• **WHAT TO DO**
Please find the lines in the following records that hold "object", and copy them.

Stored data
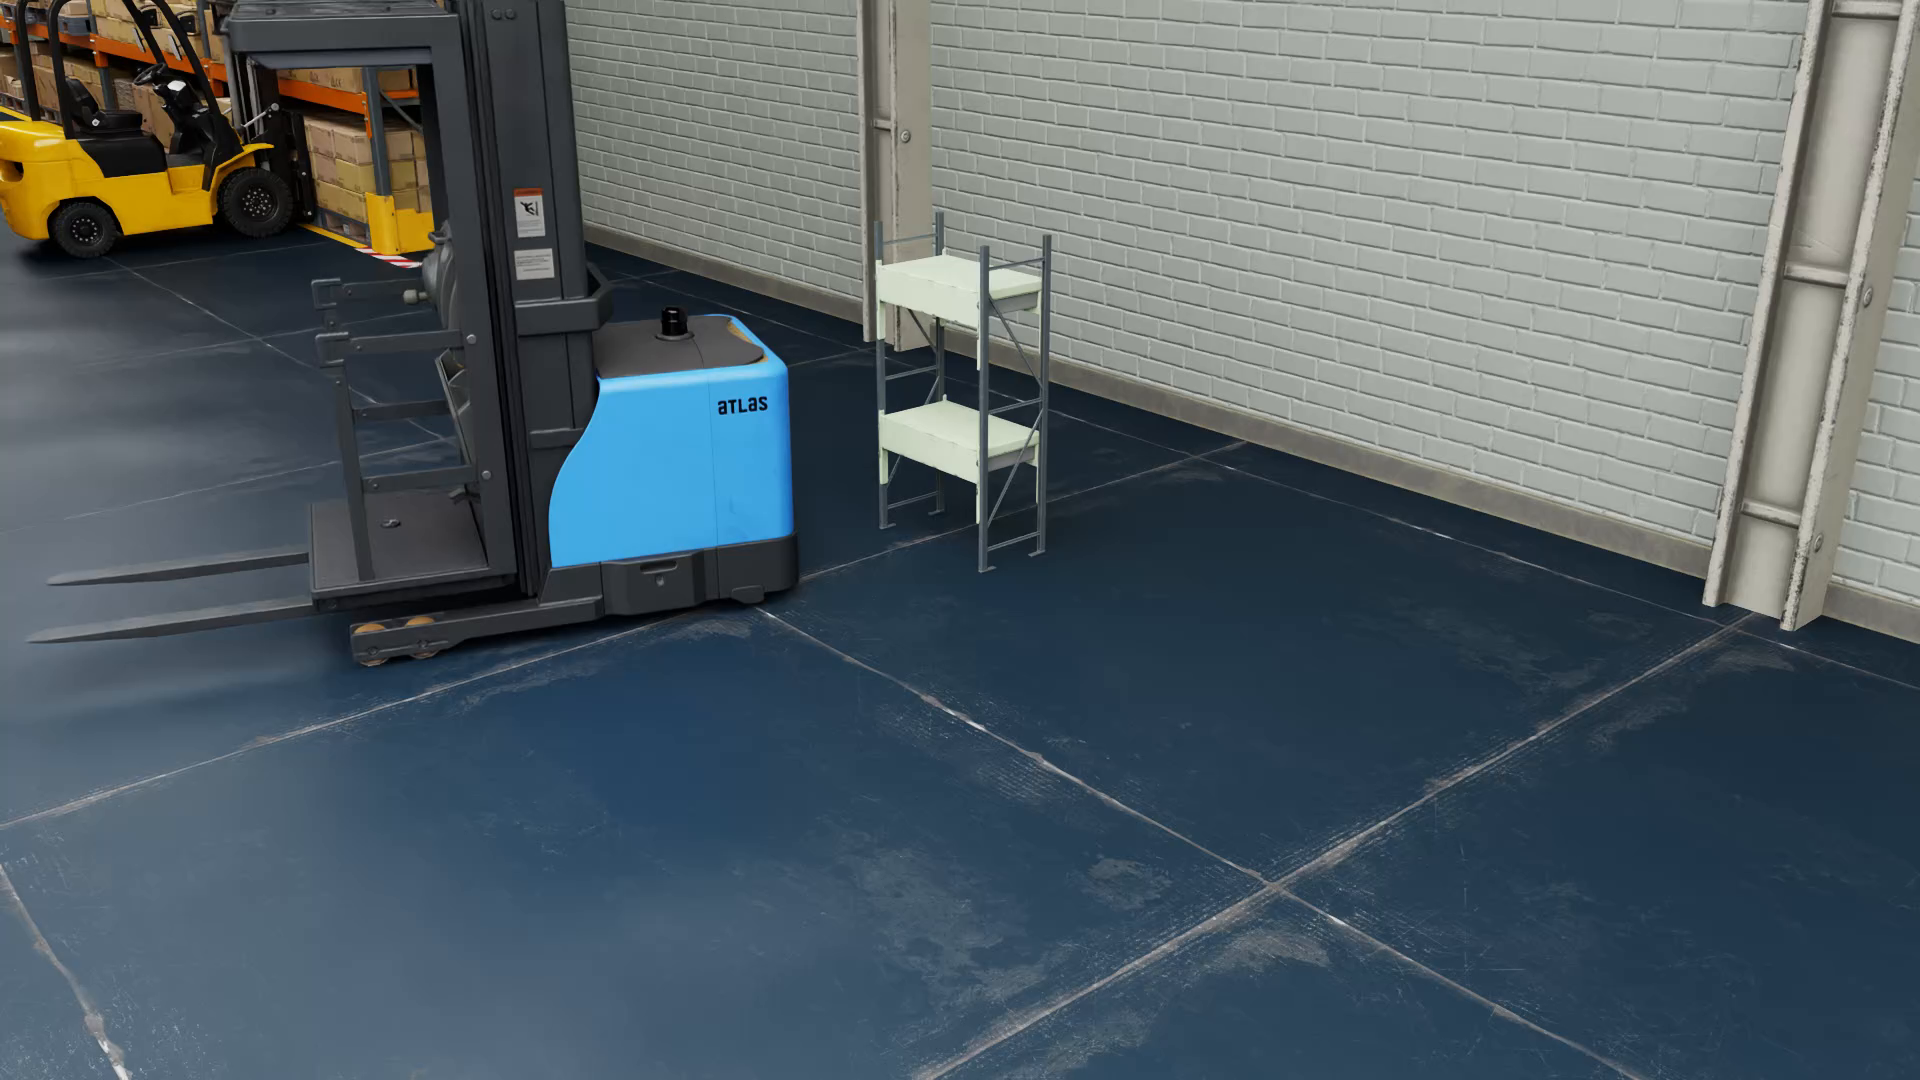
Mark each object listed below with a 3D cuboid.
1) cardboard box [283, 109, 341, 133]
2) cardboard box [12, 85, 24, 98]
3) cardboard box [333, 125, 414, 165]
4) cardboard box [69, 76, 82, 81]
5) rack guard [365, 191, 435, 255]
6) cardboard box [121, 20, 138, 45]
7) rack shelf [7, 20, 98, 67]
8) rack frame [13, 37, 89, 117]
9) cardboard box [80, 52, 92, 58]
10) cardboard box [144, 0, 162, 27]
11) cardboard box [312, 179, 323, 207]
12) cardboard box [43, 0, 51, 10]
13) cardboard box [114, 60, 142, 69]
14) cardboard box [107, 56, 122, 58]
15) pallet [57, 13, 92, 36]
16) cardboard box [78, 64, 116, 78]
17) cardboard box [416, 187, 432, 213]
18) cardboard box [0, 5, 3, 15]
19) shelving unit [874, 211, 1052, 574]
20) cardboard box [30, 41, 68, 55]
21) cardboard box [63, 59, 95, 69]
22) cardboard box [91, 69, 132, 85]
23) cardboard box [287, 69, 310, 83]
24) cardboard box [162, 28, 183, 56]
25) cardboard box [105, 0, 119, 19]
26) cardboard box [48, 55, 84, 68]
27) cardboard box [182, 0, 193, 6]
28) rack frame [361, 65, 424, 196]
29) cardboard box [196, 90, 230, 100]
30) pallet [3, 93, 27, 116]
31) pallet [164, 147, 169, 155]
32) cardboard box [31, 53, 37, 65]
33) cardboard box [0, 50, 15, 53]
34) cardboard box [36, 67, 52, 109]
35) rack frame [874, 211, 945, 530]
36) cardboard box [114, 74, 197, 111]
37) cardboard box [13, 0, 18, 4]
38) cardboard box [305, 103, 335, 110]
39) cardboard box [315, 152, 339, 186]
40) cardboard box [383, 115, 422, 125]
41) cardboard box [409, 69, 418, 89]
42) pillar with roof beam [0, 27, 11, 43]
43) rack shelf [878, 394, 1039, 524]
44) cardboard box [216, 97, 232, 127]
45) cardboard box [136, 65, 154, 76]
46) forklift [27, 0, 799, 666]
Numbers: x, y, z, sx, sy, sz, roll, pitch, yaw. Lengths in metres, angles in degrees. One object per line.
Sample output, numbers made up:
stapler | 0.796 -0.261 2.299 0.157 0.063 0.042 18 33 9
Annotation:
cardboard box | -6.108 -3.863 15.556 0.500 0.250 0.500 -18 28 -38
cardboard box | -12.990 -6.278 23.233 0.380 0.149 0.250 -18 28 -39
cardboard box | -5.108 -3.444 14.488 0.500 0.250 0.500 -16 27 -36
cardboard box | -10.894 -5.603 21.027 0.500 0.500 0.500 -16 27 -35
rack guard | -4.555 -2.840 14.549 1.175 0.500 0.348 -17 27 -37
cardboard box | -9.022 -5.689 18.602 0.500 0.250 0.500 -19 28 -39
rack shelf | -11.099 -6.438 21.295 1.077 0.370 4.000 -17 27 -37
rack frame | -12.404 -7.326 22.575 1.000 3.000 0.127 -17 27 -37
cardboard box | -11.605 -6.490 22.403 0.380 0.149 0.250 -17 27 -37
cardboard box | -8.367 -5.636 17.781 0.500 0.250 0.500 -17 27 -36
cardboard box | -5.754 -3.260 15.389 0.500 0.250 0.500 -17 27 -37
cardboard box | -10.999 -6.871 20.697 0.797 0.503 0.637 -18 28 -39
cardboard box | -10.588 -6.060 21.305 0.380 0.149 0.250 -18 28 -39
cardboard box | -11.068 -6.279 21.864 0.380 0.149 0.250 -17 27 -37
pallet | -10.289 -6.302 20.224 1.213 0.211 1.003 -17 27 -37
cardboard box | -10.785 -5.865 20.809 0.380 0.149 0.250 -16 27 -36
cardboard box | -4.744 -3.108 15.000 0.500 0.250 0.500 -17 27 -37
cardboard box | -12.990 -7.304 22.863 0.380 0.149 0.250 -17 27 -36
shelving unit | 0.004 -0.697 7.706 0.431 1.500 0.755 -17 27 -37
cardboard box | -12.166 -6.575 22.213 0.380 0.149 0.250 -19 28 -40
cardboard box | -11.273 -6.083 21.365 0.380 0.149 0.250 -17 27 -37
cardboard box | -10.307 -5.630 20.209 0.380 0.149 0.250 -19 28 -40
cardboard box | -5.758 -4.417 15.012 0.500 0.500 0.500 -18 28 -38
cardboard box | -8.042 -5.260 17.507 0.500 0.250 0.500 -18 27 -38
cardboard box | -9.363 -6.064 18.874 0.500 0.250 0.500 -16 27 -36
cardboard box | -11.767 -6.298 21.913 0.380 0.149 0.250 -18 28 -38
cardboard box | -7.755 -5.573 17.072 0.380 0.149 0.250 -18 28 -38
rack frame | -4.571 -4.010 14.110 1.000 3.000 0.127 -17 27 -37
cardboard box | -8.032 -4.563 18.201 0.875 0.625 0.625 -18 28 -38
pallet | -12.852 -6.217 23.568 1.003 0.211 1.213 -17 27 -37
pallet | -8.493 -4.349 18.797 1.003 0.211 1.213 -17 27 -37
cardboard box | -12.372 -6.497 22.421 0.380 0.149 0.250 -16 26 -35
cardboard box | -13.890 -6.856 24.226 0.500 0.500 0.500 -17 27 -36
cardboard box | -11.904 -6.025 22.106 0.500 0.500 0.500 -18 28 -38
rack frame | -0.235 -0.798 7.964 0.400 1.500 0.023 -17 27 -37
cardboard box | -9.396 -5.135 19.661 0.875 0.625 0.625 -16 27 -36
cardboard box | -11.920 -7.238 21.637 0.700 0.500 0.500 -17 27 -37
cardboard box | -6.052 -4.127 16.231 0.500 0.250 0.500 -17 27 -37
cardboard box | -5.445 -3.360 14.957 0.500 0.250 0.500 -18 28 -38
cardboard box | -5.070 -3.706 15.157 0.500 0.250 0.500 -17 27 -37
cardboard box | -4.684 -4.260 14.610 0.500 0.500 0.500 -16 27 -36
pillar with roof beam | -19.354 -11.159 24.135 9.100 9.000 0.400 -17 27 -37
rack shelf | 0.004 -0.393 7.825 0.431 0.370 0.720 -17 27 -37
cardboard box | -7.104 -4.288 16.642 0.500 0.250 0.500 -18 28 -38
cardboard box | -10.050 -5.852 20.775 0.380 0.149 0.250 -16 27 -36
forklift | -2.280 -1.076 6.711 3.031 2.935 1.130 -8 23 -19

• **EXERCISE RESPONSE**
Mark each object listed below with a 3D cuboid.
Numbers: x, y, z, sx, sy, sz, roll, pitch, yaw. Lengths in metres, angles in degrees. One object per line.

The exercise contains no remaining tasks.